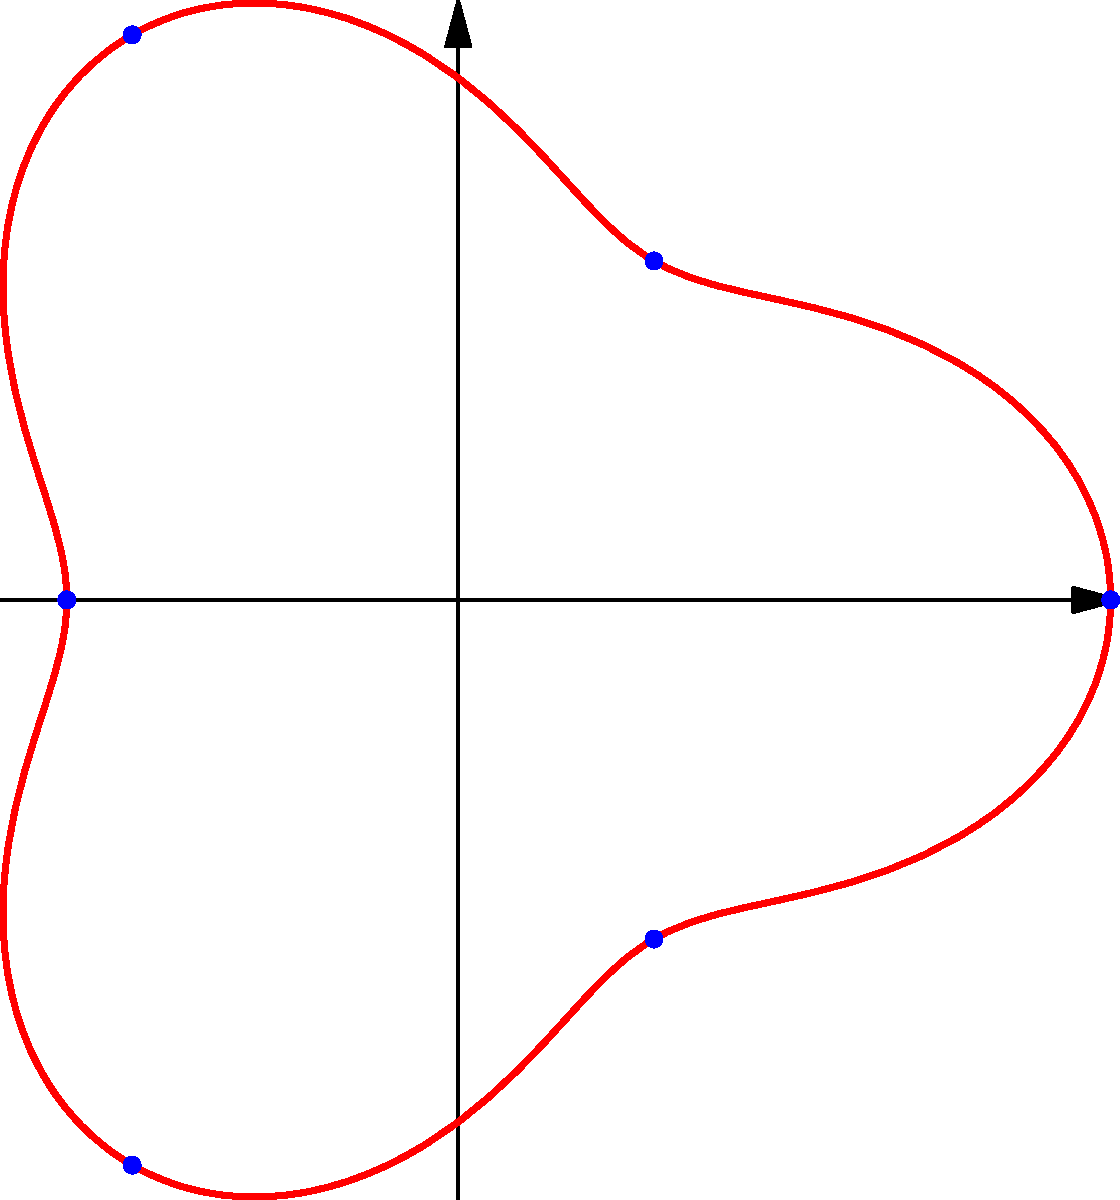The polar equation $r = 2 + 0.5\cos(3\theta)$ models the boundary of a circular habitat where an invasive species is spreading. If the species spreads uniformly from the center, at which angles $\theta$ (in radians) will it reach the boundary first? To determine where the invasive species will reach the boundary first, we need to find the minimum radial distance from the center. This occurs where $r$ is at its minimum value.

1) The equation is $r = 2 + 0.5\cos(3\theta)$

2) The minimum value of $r$ occurs when $\cos(3\theta)$ is at its minimum, which is -1.

3) $\cos(3\theta) = -1$ when $3\theta = \pi, 3\pi, 5\pi, ...$

4) Solving for $\theta$:
   $\theta = \frac{\pi}{3}, \pi, \frac{5\pi}{3}, ...$

5) These angles repeat every $2\pi$, so in the interval $[0, 2\pi]$, the minimum occurs at:
   $\theta = \frac{\pi}{3}, \pi, \frac{5\pi}{3}$

6) These angles correspond to the "inward" points of the curve, where the boundary is closest to the center.

Therefore, the invasive species will reach the boundary first at these three angles.
Answer: $\frac{\pi}{3}, \pi, \frac{5\pi}{3}$ 
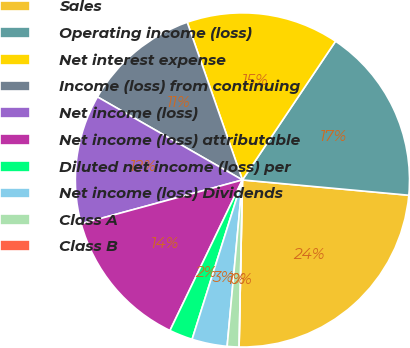Convert chart. <chart><loc_0><loc_0><loc_500><loc_500><pie_chart><fcel>Sales<fcel>Operating income (loss)<fcel>Net interest expense<fcel>Income (loss) from continuing<fcel>Net income (loss)<fcel>Net income (loss) attributable<fcel>Diluted net income (loss) per<fcel>Net income (loss) Dividends<fcel>Class A<fcel>Class B<nl><fcel>23.86%<fcel>17.05%<fcel>14.77%<fcel>11.36%<fcel>12.5%<fcel>13.64%<fcel>2.27%<fcel>3.41%<fcel>1.14%<fcel>0.0%<nl></chart>

________________________

I'd like every record above written out again exactly, without the pictures.

The polar equation $r = 2 + 0.5\cos(3\theta)$ models the boundary of a circular habitat where an invasive species is spreading. If the species spreads uniformly from the center, at which angles $\theta$ (in radians) will it reach the boundary first? To determine where the invasive species will reach the boundary first, we need to find the minimum radial distance from the center. This occurs where $r$ is at its minimum value.

1) The equation is $r = 2 + 0.5\cos(3\theta)$

2) The minimum value of $r$ occurs when $\cos(3\theta)$ is at its minimum, which is -1.

3) $\cos(3\theta) = -1$ when $3\theta = \pi, 3\pi, 5\pi, ...$

4) Solving for $\theta$:
   $\theta = \frac{\pi}{3}, \pi, \frac{5\pi}{3}, ...$

5) These angles repeat every $2\pi$, so in the interval $[0, 2\pi]$, the minimum occurs at:
   $\theta = \frac{\pi}{3}, \pi, \frac{5\pi}{3}$

6) These angles correspond to the "inward" points of the curve, where the boundary is closest to the center.

Therefore, the invasive species will reach the boundary first at these three angles.
Answer: $\frac{\pi}{3}, \pi, \frac{5\pi}{3}$ 
Convert chart. <chart><loc_0><loc_0><loc_500><loc_500><pie_chart><fcel>Sales<fcel>Operating income (loss)<fcel>Net interest expense<fcel>Income (loss) from continuing<fcel>Net income (loss)<fcel>Net income (loss) attributable<fcel>Diluted net income (loss) per<fcel>Net income (loss) Dividends<fcel>Class A<fcel>Class B<nl><fcel>23.86%<fcel>17.05%<fcel>14.77%<fcel>11.36%<fcel>12.5%<fcel>13.64%<fcel>2.27%<fcel>3.41%<fcel>1.14%<fcel>0.0%<nl></chart>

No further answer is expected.